Die Kleidung des späten 18.Jahrhunderts und frühen 19.Jahrhunderts wird durch Ausschnitte aus den damals herrschenden Modejurnalen begleitet, allen voran das Weimarer Journal des Luxus und der Moden, aber auch das Leipziger Journal für Fabrik, Manufaktur, Handlung und Mode
 
links ca.1810, Chemiasenkleid, rechts ca.1815 Pelisse mit Wattierung, Frankreich (?)


 
Während die erste Etage sich vornehmlich der Damenkleidung und großen Stücken von Seidengeweben widmet, herrscht in der zweiten Etage die Herrenkleidung vor.
 
3.Viertel 18.Jahrhundert, Herrenweste, Seide

 
letztes Viertel 18.Jahrhundert, Herrenweste aus Seidenlamé

3.Viertel 18.Jahrhundert, Hausmütze Ajourstickerei, Deutschland (?)

Der Schwerpunkt liegt neben weiteren Ensembles und vielen Accessoires auf dem Angebot und der Zirkulation seidener Textilien in Krefeld im 18.Jahrhundert und frühen 19.Jahrhundert.
Die zahlreichen Seiden-und Samtmuster spiegeln die große Angebotspalette der europäischen Seidenproduktionen allgemein und des Seidenverlags von der Leyen im Besonderen eindrücklich wider.

1790er Jahre, Halbfertigware für eine Herrenweste, England


Die vorgestickte Halbfertigware mit verschiedenen Stickereien (Plattstich, Schrägstich, Strahlenstich, Knötchenstich und Stielstich) auf Seide aus den 1790er Jahren war selbstverständlich mein Favourit.
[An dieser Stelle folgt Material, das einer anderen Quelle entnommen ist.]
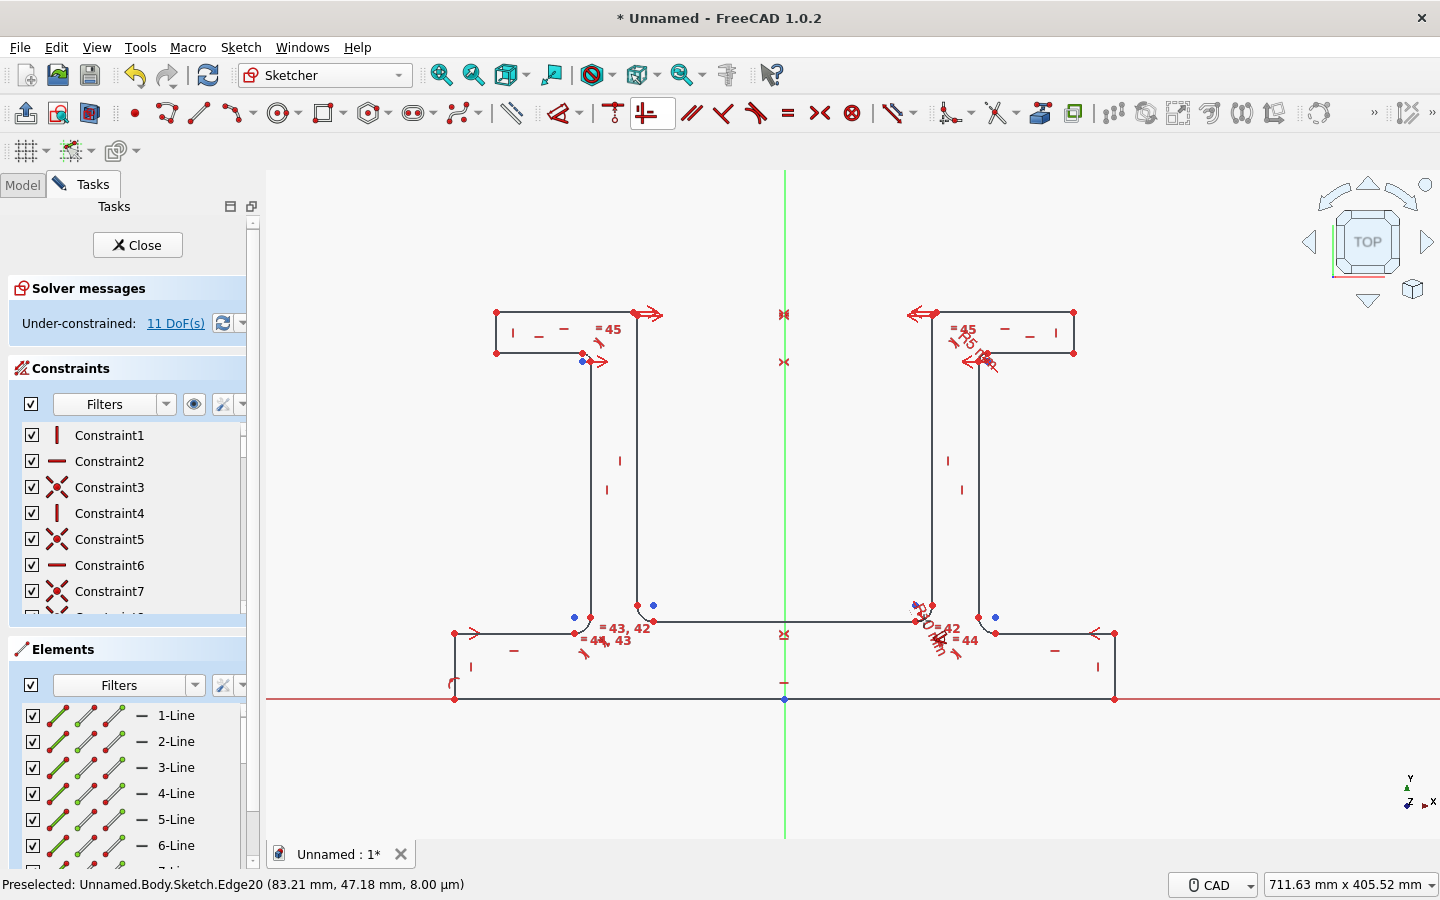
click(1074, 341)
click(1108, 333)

Besonders spannend waren im Folgenden die Musterbücher und Stücke aus Krefelder Produktion.
Die schiere Viefalt an Geweben und vor allem Farben ist beeindruckend und zeichnet ein lebendiges und buntes Bild aus dem nicht gar so grauen Alltag um 1800. 
Farbenfroh präsentiert sich die Auswahl an Samtmustern aus dem Auftragsbuch des Seidenverlags Friedrich & Heinrich von der Leyen um 1807-1809









Nach dem wunderbaren Farbenrausch der Samtmuster, ließ ich mich eine ganze Weile von den Samt-und Seidenmuster des Krefelder Seidenverlags aus den 1770er bis 1810er Jahren verzaubern.



Herrliche Muster, die einen vor dem inneren Auge bereits die Nähnadel zücken lassen.
Zu der Ausstellung gibt es erfreulicherweise einen sehr ausführlichen Begleitkatalog, in dem weitaus mehr Kleidungsstücke vorgestellt werden, als es mir die spiegelnden Virtinen erlaubt haben hier wiederzugeben.
Das gleichnamige Buch "Prestigesache" behandelt alle Ausstellungsstücke ausführlich und ermöglicht zum Teil auch Blicke in die Kleidungsstücke und viel Detailswissen rund um den Handel mit Textilien im ausgehenden 18.Jahrhundert am Niederrhein.
Das Buch wurde herausgegeben von Isa Fleischmann-Heck, erschienen im Nünnerich-Asmus Verlag.
Der 216-seitige Katalog ist über das Textilmuseum oder den Buchhandel für 30 Euro erhältlich.


3 Kommentare:

  1. Salut!

    Bei der sehr floral bestickten Weste würde ich eher sagen: späte 1790er. Früher waren die Westen nicht so flächig bestickt in der Form.
    Das Porträt des freundlich dreinschauenden Herrn finde ich ja sehr schön. Ich hätte zu gern mal so eine Perücke.
    Die Schuhe sind so schön typisch und schlicht.
    Vielen vielen Dank für das Teilhaben an Deinen tollen Fotos und Impressionen insbesondere wenn man selber nicht in diese Gegend kommt. :-)

    AntwortenLöschen
    Antworten
    1. Vielen Dank für den Kommentar! Die Ausstellung war wirklich sehr schön, besonders die Stoffproben haben mein Interesse geweckt. Danke auch für die Einlassungen bzgl. der bestickten Herrenweste, in meinem Beitrag habe ich die Bezeichnungen und Datierungen des Museums übernommen.

      Löschen
    2. Danke für die Info. Habe ich mir beinahe gedacht. Manchmal kommen die Datierungen ja auch durch Familienüberlieferungen. Ich muss auch mal versuchen mehr Museumsbilder bei uns unterzubringen, wenn es thematisch passt - v.a. Uniformen und so.